▸ Task statement: Look below for the lines from the one with "Rendered at 1241 by 1754 pixels." to the one with "Identify the document", and copy exactly those lines, both ends included.

▸ Available records:
------------------------------------

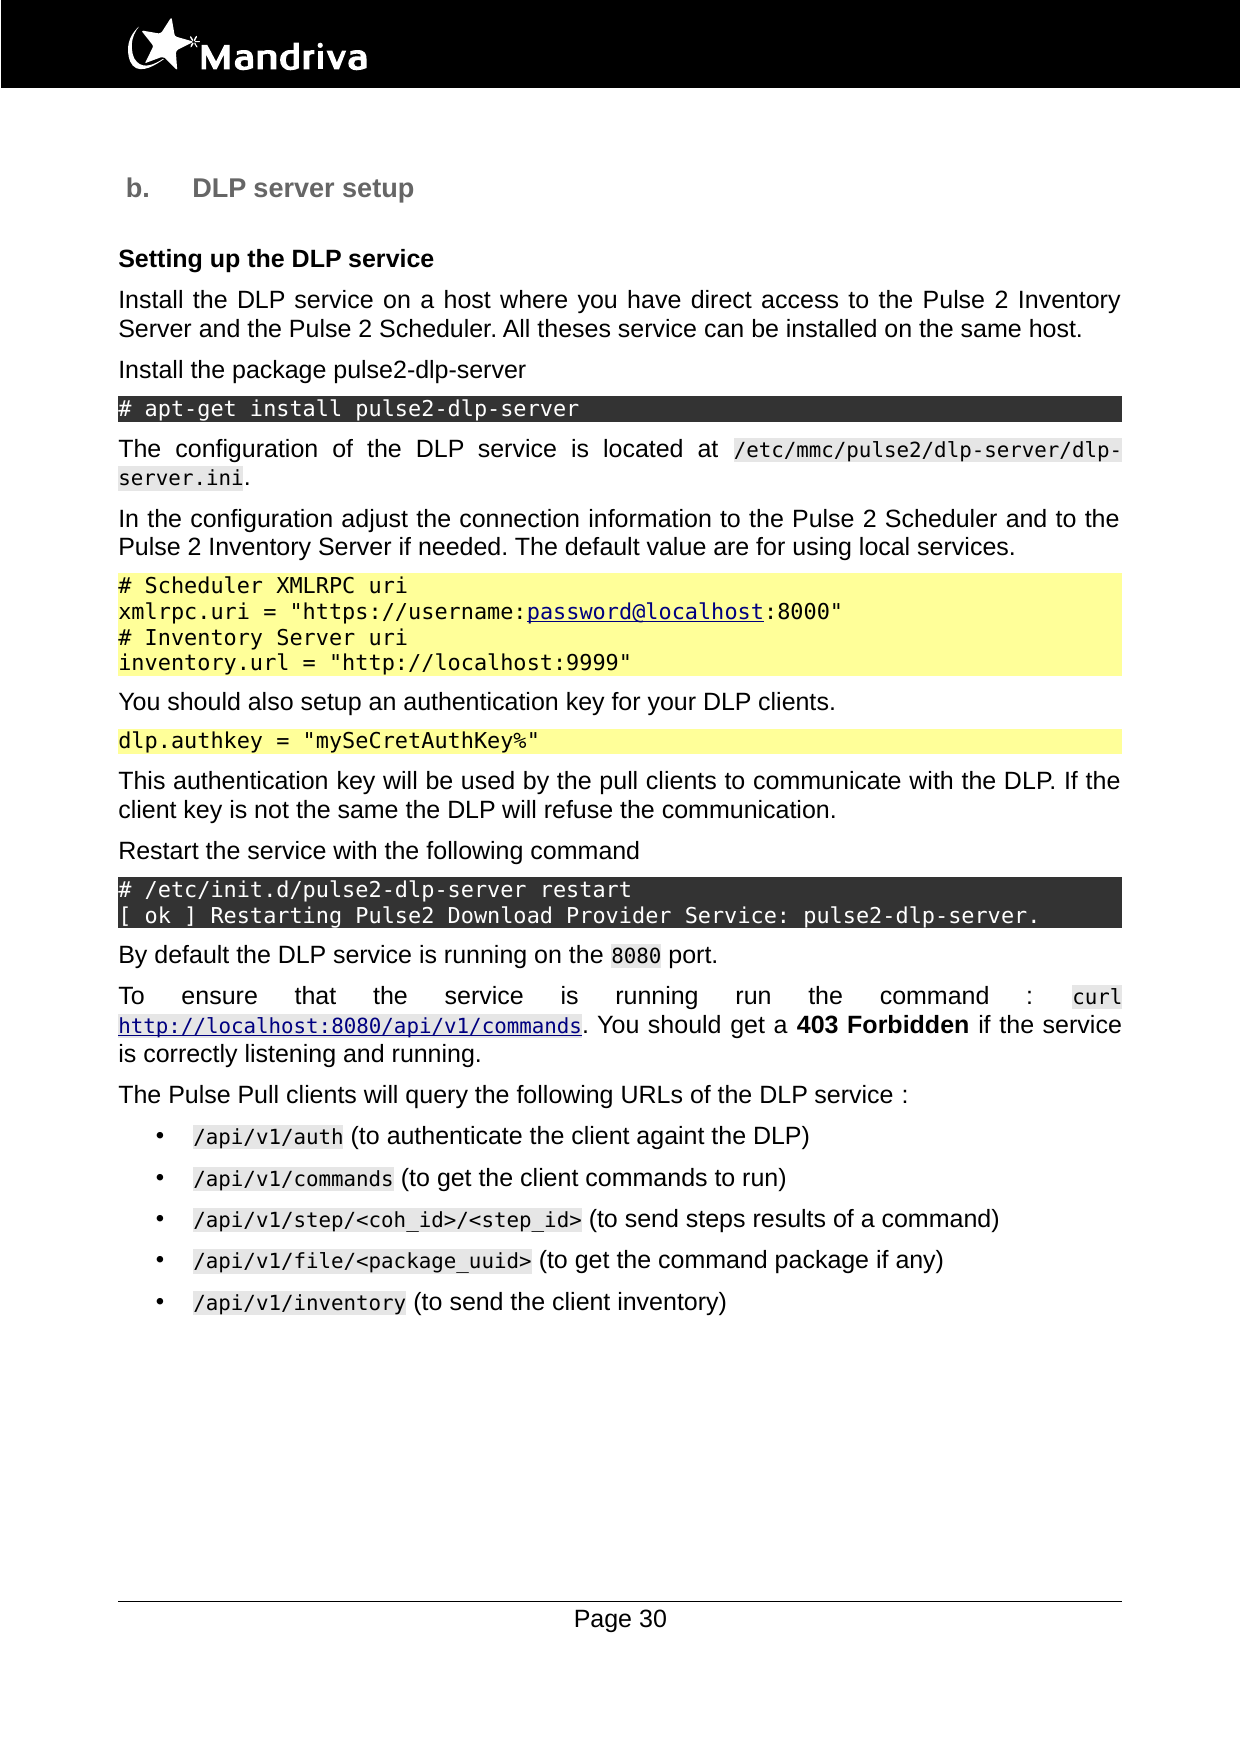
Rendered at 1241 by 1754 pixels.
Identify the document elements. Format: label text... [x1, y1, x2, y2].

------------------------------------

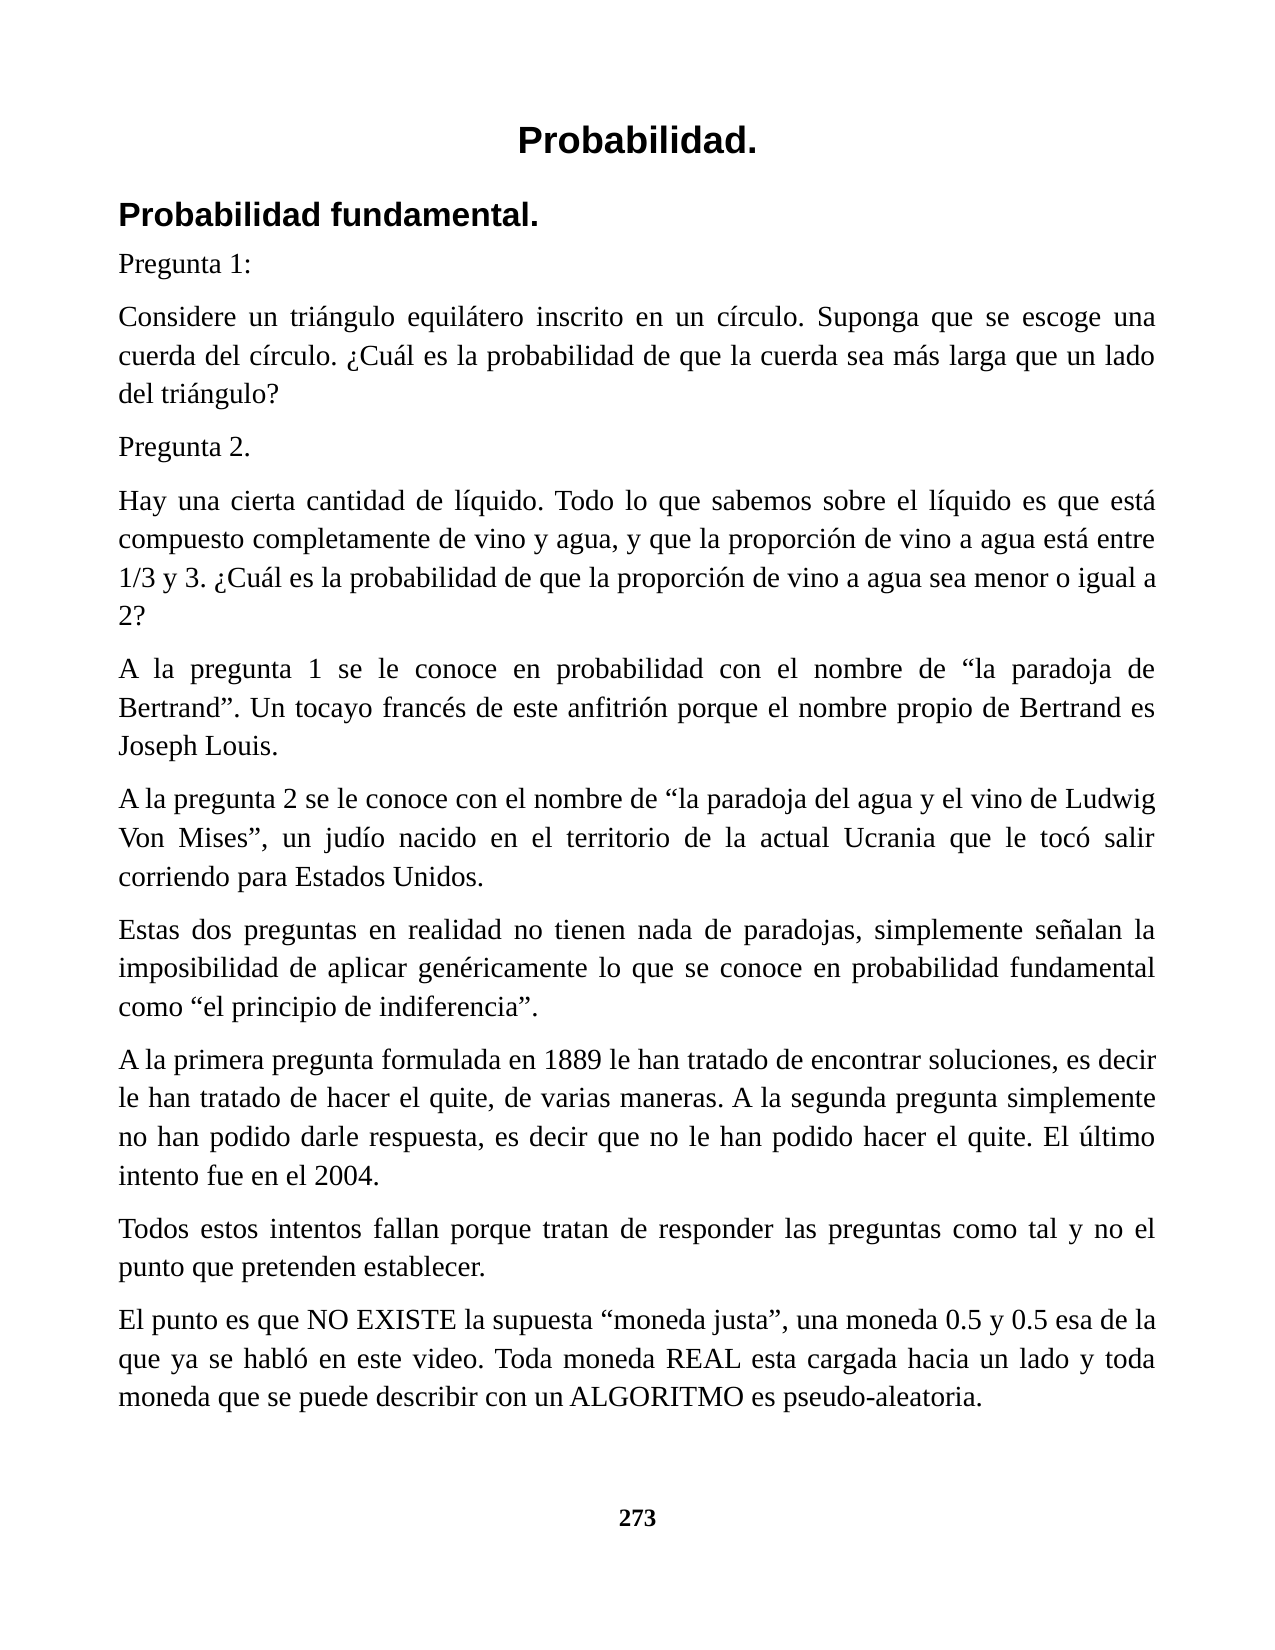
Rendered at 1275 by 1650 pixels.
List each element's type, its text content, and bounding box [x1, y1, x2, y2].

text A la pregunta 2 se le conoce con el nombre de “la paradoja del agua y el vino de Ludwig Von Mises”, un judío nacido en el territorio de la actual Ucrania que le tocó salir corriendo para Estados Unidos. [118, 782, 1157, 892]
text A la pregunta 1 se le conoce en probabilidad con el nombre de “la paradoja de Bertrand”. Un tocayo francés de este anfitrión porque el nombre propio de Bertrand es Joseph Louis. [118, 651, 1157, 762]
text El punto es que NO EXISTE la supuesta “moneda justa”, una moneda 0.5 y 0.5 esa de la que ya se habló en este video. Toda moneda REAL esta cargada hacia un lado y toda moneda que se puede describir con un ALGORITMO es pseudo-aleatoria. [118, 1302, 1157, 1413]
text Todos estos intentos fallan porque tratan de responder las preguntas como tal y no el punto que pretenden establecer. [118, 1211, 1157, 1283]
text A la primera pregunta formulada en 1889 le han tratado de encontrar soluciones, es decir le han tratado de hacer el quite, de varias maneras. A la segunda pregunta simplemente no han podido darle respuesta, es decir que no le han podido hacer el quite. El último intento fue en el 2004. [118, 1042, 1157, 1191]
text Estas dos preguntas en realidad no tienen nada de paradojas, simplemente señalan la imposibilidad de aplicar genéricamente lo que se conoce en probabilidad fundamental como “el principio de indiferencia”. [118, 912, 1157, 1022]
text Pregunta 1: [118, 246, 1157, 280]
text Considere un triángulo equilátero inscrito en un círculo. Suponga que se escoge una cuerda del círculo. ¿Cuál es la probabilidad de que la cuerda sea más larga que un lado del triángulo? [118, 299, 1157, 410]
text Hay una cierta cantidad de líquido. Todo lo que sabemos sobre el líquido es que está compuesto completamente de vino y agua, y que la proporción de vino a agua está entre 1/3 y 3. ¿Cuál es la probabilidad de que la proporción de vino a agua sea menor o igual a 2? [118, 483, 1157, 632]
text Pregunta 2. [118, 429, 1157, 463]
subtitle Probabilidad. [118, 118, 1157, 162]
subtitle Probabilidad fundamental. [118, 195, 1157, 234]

------------------------------------

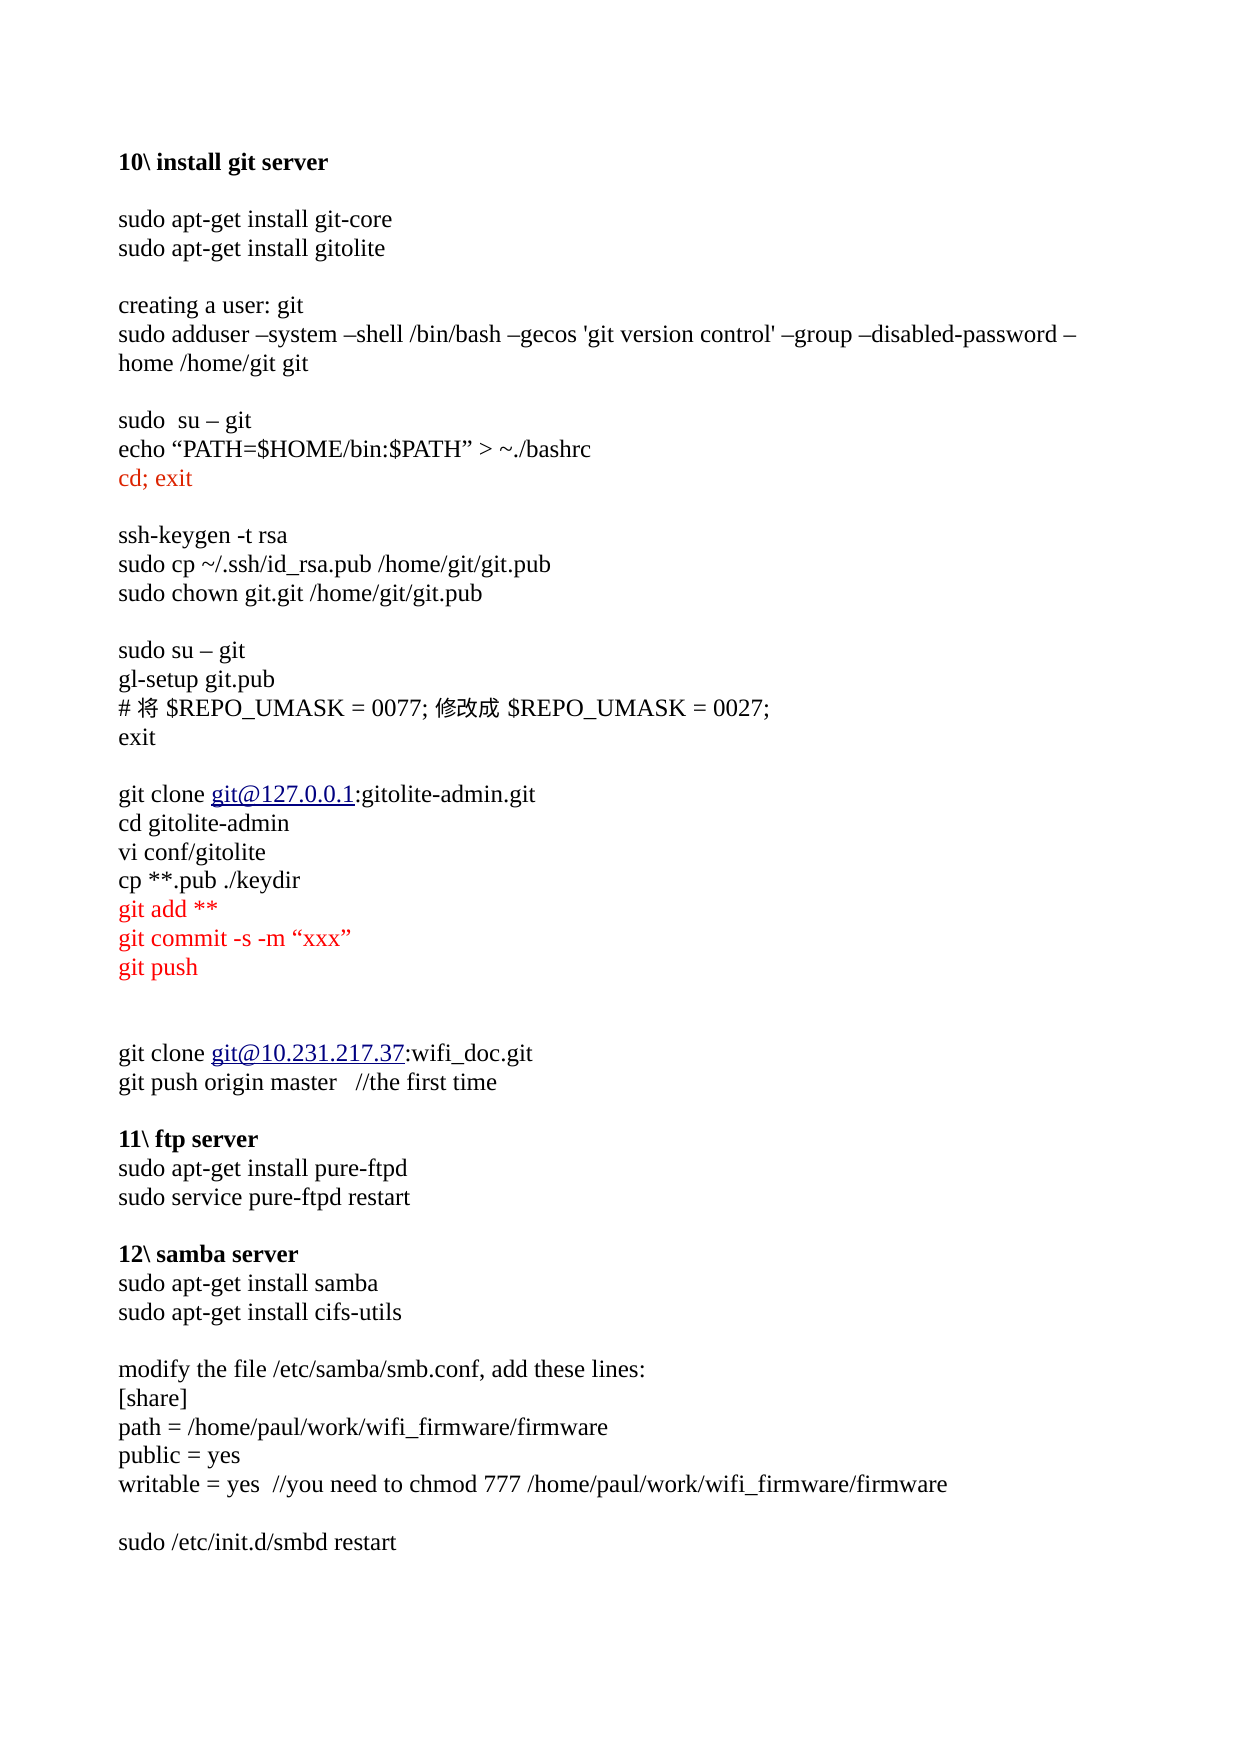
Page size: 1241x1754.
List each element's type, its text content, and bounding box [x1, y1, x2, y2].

------------------------------------

▸ Reply:
Rendered at 1241 by 1754 pixels.
Identify the document elements. Format: label text... [x1, y1, x2, y2].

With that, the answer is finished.